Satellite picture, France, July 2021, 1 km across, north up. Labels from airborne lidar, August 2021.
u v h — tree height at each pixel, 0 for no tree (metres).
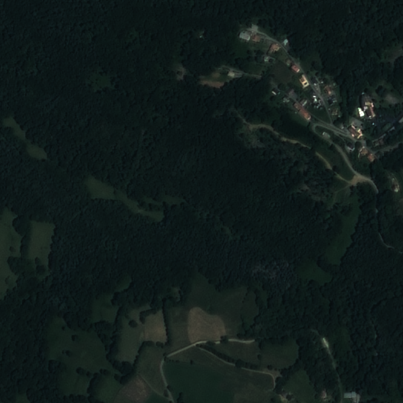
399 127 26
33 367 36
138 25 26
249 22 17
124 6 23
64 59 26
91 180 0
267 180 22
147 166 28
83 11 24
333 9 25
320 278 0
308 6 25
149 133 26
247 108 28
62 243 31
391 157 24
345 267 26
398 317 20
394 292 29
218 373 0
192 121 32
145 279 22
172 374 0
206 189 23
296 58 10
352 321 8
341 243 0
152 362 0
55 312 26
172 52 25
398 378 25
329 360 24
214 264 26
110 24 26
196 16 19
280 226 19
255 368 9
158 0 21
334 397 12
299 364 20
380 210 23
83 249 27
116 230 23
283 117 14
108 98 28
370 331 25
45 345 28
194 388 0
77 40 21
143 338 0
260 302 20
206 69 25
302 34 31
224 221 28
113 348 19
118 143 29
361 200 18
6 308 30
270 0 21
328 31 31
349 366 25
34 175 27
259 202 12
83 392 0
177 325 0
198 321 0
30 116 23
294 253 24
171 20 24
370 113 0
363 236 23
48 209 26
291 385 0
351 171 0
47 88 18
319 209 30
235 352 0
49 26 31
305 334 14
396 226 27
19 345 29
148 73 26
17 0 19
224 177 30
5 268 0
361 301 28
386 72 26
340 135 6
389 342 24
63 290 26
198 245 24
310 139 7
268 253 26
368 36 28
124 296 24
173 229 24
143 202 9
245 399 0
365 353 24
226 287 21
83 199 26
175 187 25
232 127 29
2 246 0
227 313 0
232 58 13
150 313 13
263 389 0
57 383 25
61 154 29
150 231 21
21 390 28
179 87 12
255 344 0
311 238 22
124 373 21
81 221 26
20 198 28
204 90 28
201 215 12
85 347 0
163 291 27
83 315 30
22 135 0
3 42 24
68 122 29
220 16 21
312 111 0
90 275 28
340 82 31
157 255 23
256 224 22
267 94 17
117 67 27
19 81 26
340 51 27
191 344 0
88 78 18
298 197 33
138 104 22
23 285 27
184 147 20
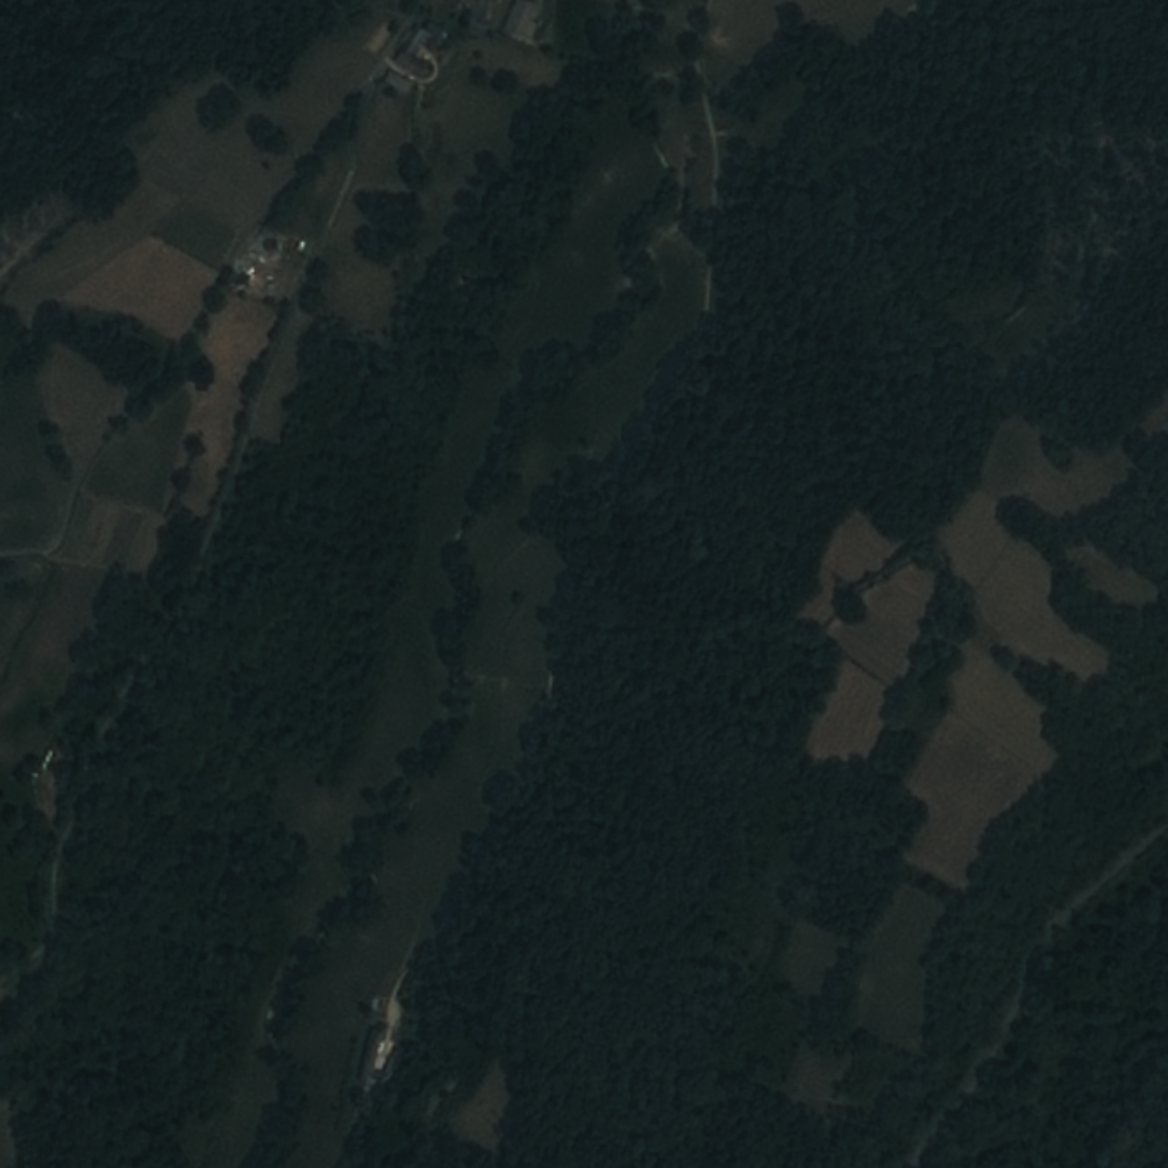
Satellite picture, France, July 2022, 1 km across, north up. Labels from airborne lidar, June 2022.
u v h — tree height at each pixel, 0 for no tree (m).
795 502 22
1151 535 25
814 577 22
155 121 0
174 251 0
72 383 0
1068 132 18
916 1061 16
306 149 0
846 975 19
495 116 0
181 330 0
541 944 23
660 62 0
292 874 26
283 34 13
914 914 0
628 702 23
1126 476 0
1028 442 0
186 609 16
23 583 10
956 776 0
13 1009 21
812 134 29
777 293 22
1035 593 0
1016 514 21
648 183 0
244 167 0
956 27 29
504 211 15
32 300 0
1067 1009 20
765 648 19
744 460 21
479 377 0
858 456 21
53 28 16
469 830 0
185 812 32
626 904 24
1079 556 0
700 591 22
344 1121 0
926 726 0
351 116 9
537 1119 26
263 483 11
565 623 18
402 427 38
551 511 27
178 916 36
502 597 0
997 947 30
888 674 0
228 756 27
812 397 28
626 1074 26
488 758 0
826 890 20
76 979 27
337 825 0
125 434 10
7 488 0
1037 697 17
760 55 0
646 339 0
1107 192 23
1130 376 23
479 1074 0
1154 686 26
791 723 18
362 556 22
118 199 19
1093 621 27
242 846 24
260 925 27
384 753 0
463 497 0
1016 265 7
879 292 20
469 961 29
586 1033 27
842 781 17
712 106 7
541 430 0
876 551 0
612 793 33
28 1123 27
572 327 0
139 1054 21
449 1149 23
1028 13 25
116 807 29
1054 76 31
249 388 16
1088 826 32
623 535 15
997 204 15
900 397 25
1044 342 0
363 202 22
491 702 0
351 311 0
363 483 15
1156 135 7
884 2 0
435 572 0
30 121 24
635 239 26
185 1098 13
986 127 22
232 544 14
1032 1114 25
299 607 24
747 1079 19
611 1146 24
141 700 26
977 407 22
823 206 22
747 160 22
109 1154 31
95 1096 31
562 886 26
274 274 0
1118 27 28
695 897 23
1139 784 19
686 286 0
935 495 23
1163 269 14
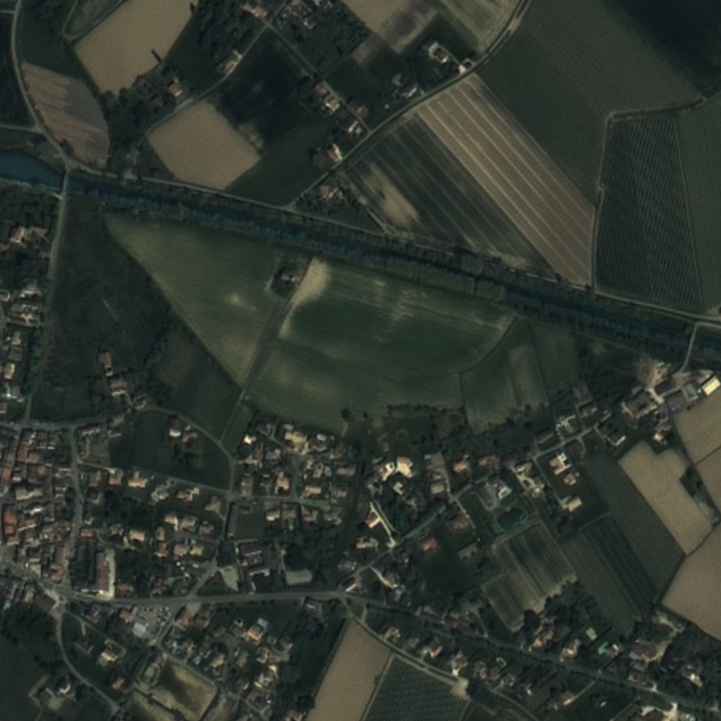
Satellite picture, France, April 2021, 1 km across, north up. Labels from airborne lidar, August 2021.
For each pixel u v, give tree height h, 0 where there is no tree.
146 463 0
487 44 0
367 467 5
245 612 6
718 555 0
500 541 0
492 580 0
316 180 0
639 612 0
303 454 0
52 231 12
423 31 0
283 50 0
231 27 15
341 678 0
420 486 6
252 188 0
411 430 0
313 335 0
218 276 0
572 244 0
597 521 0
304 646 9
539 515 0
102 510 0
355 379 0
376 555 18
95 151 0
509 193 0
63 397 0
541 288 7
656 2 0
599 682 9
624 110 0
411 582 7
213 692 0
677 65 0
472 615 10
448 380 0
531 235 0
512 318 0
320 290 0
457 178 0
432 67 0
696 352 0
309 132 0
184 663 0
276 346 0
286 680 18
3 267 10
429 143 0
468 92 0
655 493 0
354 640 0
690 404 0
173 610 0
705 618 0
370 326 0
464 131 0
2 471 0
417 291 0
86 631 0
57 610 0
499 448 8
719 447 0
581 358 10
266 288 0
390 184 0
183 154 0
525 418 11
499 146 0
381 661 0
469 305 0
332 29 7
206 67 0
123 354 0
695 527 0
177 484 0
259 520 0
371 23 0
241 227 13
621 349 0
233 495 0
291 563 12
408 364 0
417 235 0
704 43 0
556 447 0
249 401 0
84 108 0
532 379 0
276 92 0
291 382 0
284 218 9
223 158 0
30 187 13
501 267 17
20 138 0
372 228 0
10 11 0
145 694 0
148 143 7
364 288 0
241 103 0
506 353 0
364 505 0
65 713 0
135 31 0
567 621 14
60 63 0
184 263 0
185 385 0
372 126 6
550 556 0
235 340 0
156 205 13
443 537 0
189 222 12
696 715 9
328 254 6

◇ ◇ ◇

Give back the full data exactly as it reads, but drop the pictures.

Satellite picture, France, July 2021, 1 km across, north up. Labels from airborne lidar, August 2021.
u v h — tree height at each pixel, 0 for no tree (metres).
399 127 26
33 367 36
138 25 26
249 22 17
124 6 23
64 59 26
91 180 0
267 180 22
147 166 28
83 11 24
333 9 25
320 278 0
308 6 25
149 133 26
247 108 28
62 243 31
391 157 24
345 267 26
398 317 20
394 292 29
218 373 0
192 121 32
145 279 22
172 374 0
206 189 23
296 58 10
352 321 8
341 243 0
152 362 0
55 312 26
172 52 25
398 378 25
329 360 24
214 264 26
110 24 26
196 16 19
280 226 19
255 368 9
158 0 21
334 397 12
299 364 20
380 210 23
83 249 27
116 230 23
283 117 14
108 98 28
370 331 25
45 345 28
194 388 0
77 40 21
143 338 0
260 302 20
206 69 25
302 34 31
224 221 28
113 348 19
118 143 29
361 200 18
6 308 30
270 0 21
328 31 31
349 366 25
34 175 27
259 202 12
83 392 0
177 325 0
198 321 0
30 116 23
294 253 24
171 20 24
370 113 0
363 236 23
48 209 26
291 385 0
351 171 0
47 88 18
319 209 30
235 352 0
49 26 31
305 334 14
396 226 27
19 345 29
148 73 26
17 0 19
224 177 30
5 268 0
361 301 28
386 72 26
340 135 6
389 342 24
63 290 26
198 245 24
310 139 7
268 253 26
368 36 28
124 296 24
173 229 24
143 202 9
245 399 0
365 353 24
226 287 21
83 199 26
175 187 25
232 127 29
2 246 0
227 313 0
232 58 13
150 313 13
263 389 0
57 383 25
61 154 29
150 231 21
21 390 28
179 87 12
255 344 0
311 238 22
124 373 21
81 221 26
20 198 28
204 90 28
201 215 12
85 347 0
163 291 27
83 315 30
22 135 0
3 42 24
68 122 29
220 16 21
312 111 0
90 275 28
340 82 31
157 255 23
256 224 22
267 94 17
117 67 27
19 81 26
340 51 27
191 344 0
88 78 18
298 197 33
138 104 22
23 285 27
184 147 20
Satellite picture, France, July 2022, 1 km across, north up. Labels from airborne lidar, June 2022.
u v h — tree height at each pixel, 0 for no tree (m).
795 502 22
1151 535 25
814 577 22
155 121 0
174 251 0
72 383 0
1068 132 18
916 1061 16
306 149 0
846 975 19
495 116 0
181 330 0
541 944 23
660 62 0
292 874 26
283 34 13
914 914 0
628 702 23
1126 476 0
1028 442 0
186 609 16
23 583 10
956 776 0
13 1009 21
812 134 29
777 293 22
1035 593 0
1016 514 21
648 183 0
244 167 0
956 27 29
504 211 15
32 300 0
1067 1009 20
765 648 19
744 460 21
479 377 0
858 456 21
53 28 16
469 830 0
185 812 32
626 904 24
1079 556 0
700 591 22
344 1121 0
926 726 0
351 116 9
537 1119 26
263 483 11
565 623 18
402 427 38
551 511 27
178 916 36
502 597 0
997 947 30
888 674 0
228 756 27
812 397 28
626 1074 26
488 758 0
826 890 20
76 979 27
337 825 0
125 434 10
7 488 0
1037 697 17
760 55 0
646 339 0
1107 192 23
1130 376 23
479 1074 0
1154 686 26
791 723 18
362 556 22
118 199 19
1093 621 27
242 846 24
260 925 27
384 753 0
463 497 0
1016 265 7
879 292 20
469 961 29
586 1033 27
842 781 17
712 106 7
541 430 0
876 551 0
612 793 33
28 1123 27
572 327 0
139 1054 21
449 1149 23
1028 13 25
116 807 29
1054 76 31
249 388 16
1088 826 32
623 535 15
997 204 15
900 397 25
1044 342 0
363 202 22
491 702 0
351 311 0
363 483 15
1156 135 7
884 2 0
435 572 0
30 121 24
635 239 26
185 1098 13
986 127 22
232 544 14
1032 1114 25
299 607 24
747 1079 19
611 1146 24
141 700 26
977 407 22
823 206 22
747 160 22
109 1154 31
95 1096 31
562 886 26
274 274 0
1118 27 28
695 897 23
1139 784 19
686 286 0
935 495 23
1163 269 14
Satellite picture, France, April 2021, 1 km across, north up. Labels from airborne lidar, August 2021.
For each pixel u v, give tree height h, 0 where there is no tree.
146 463 0
487 44 0
367 467 5
245 612 6
718 555 0
500 541 0
492 580 0
316 180 0
639 612 0
303 454 0
52 231 12
423 31 0
283 50 0
231 27 15
341 678 0
420 486 6
252 188 0
411 430 0
313 335 0
218 276 0
572 244 0
597 521 0
304 646 9
539 515 0
102 510 0
355 379 0
376 555 18
95 151 0
509 193 0
63 397 0
541 288 7
656 2 0
599 682 9
624 110 0
411 582 7
213 692 0
677 65 0
472 615 10
448 380 0
531 235 0
512 318 0
320 290 0
457 178 0
432 67 0
696 352 0
309 132 0
184 663 0
276 346 0
286 680 18
3 267 10
429 143 0
468 92 0
655 493 0
354 640 0
690 404 0
173 610 0
705 618 0
370 326 0
464 131 0
2 471 0
417 291 0
86 631 0
57 610 0
499 448 8
719 447 0
581 358 10
266 288 0
390 184 0
183 154 0
525 418 11
499 146 0
381 661 0
469 305 0
332 29 7
206 67 0
123 354 0
695 527 0
177 484 0
259 520 0
371 23 0
241 227 13
621 349 0
233 495 0
291 563 12
408 364 0
417 235 0
704 43 0
556 447 0
249 401 0
84 108 0
532 379 0
276 92 0
291 382 0
284 218 9
223 158 0
30 187 13
501 267 17
20 138 0
372 228 0
10 11 0
145 694 0
148 143 7
364 288 0
241 103 0
506 353 0
364 505 0
65 713 0
135 31 0
567 621 14
60 63 0
184 263 0
185 385 0
372 126 6
550 556 0
235 340 0
156 205 13
443 537 0
189 222 12
696 715 9
328 254 6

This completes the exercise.